A command-line interface to interact with your Bedrock encrypted drive on Aleph. Upload, list, and download files — all end-to-end encrypted and fully compatible with the Bedrock web app.


✨ Features

  • Upload files with automatic client-side encryption
  • List all files on your drive with size, date, and status
  • Download and decrypt files back to your local machine
  • Directory support — organise files into virtual folders
  • Wallet-compatible — uses the same key-derivation as the web app, so files show up everywhere

📦 Prerequisites

Requirement Version
Node.js ≥ 18
npm ≥ 9

The CLI depends on the local bedrock-ts-sdk package (linked via file:../bedrock-sdk), so make sure the SDK is built before installing.


🚀 Installation

# 1. Build the SDK first
cd ../bedrock-sdk
npm install && npm run build

# 2. Install CLI dependencies
cd ../aleph-cli
npm install

⚙️ Configuration

Private Key

The CLI needs an Ethereum private key to derive your Bedrock account.
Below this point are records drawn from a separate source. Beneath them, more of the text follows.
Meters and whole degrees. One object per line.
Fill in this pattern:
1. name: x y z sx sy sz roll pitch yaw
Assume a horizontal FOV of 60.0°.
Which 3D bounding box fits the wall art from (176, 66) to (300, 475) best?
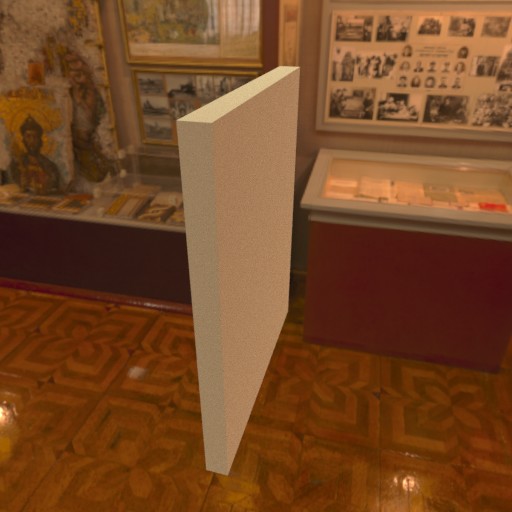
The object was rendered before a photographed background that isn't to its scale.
1. wall art: 0.000 0.000 0.762 0.039 0.553 0.451 8 31 14
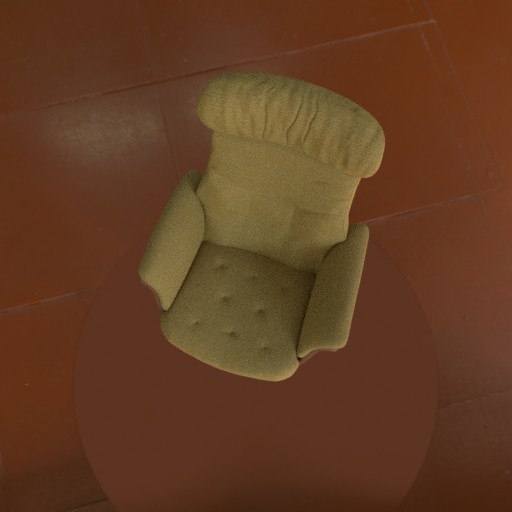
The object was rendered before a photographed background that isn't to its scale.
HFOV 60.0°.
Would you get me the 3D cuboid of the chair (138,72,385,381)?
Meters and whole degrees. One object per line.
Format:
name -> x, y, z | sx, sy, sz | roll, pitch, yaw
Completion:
chair -> 0.000, 0.000, 1.603 | 0.785, 0.995, 0.837 | 19, 77, 5
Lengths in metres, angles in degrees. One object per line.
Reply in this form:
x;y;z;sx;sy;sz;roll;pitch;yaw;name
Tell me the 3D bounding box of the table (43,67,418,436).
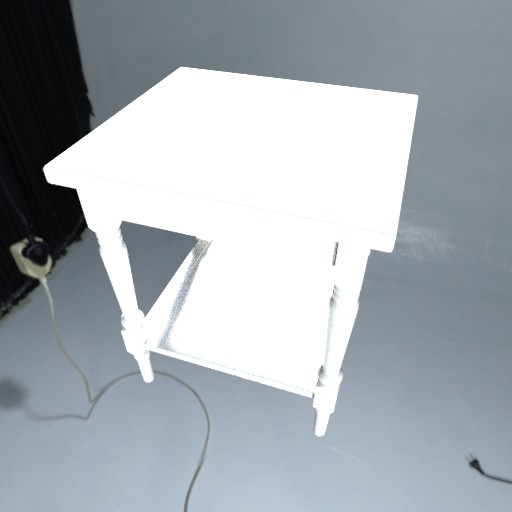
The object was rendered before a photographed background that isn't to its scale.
0.000;0.000;0.908;0.488;0.565;0.442;13;43;14;table
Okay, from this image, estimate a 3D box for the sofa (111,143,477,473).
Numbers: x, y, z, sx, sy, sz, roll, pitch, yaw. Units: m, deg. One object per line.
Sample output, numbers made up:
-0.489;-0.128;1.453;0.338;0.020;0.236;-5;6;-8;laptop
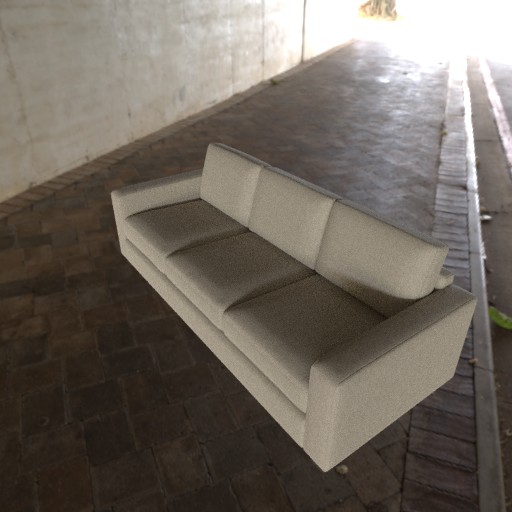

You can provide it in two ways:

  1. Environment variable — create a .env file in the aleph-cli/ directory:

    PRIVATE_KEY=0xYOUR_PRIVATE_KEY_HERE
  2. CLI flag — pass it directly with --key:

    npx tsx index.ts upload ./photo.png --key 0xYOUR_PRIVATE_KEY

Important

Use the same private key as your wallet in the Bedrock web app.
The CLI signs the message "Bedrock.im" to derive the same sub-account, so your files will be consistent across both interfaces.

Global Options

These options are available on every command:

Flag Description Default
-k, --key <key> Ethereum private key PRIVATE_KEY env var
-c, --channel <channel> Aleph channel name GENERAL
-a, --api <url> Aleph API server URL https://poc-aleph-ccn.reza.dev

📖 Usage

Run any command with:

npx tsx index.ts <command> [arguments] [options]

upload — Upload a file

Encrypts and uploads a local file to your Bedrock drive.

npx tsx index.ts upload <filePath> [options]
Option Description Default
-d, --directory <dir> Target directory on the drive /

Examples:

# Upload to root
npx tsx index.ts upload ./report.pdf

# Upload to a specific folder
npx tsx index.ts upload ./photo.png -d /images/vacation/

list — List files

Displays all files on your Bedrock drive in a formatted table.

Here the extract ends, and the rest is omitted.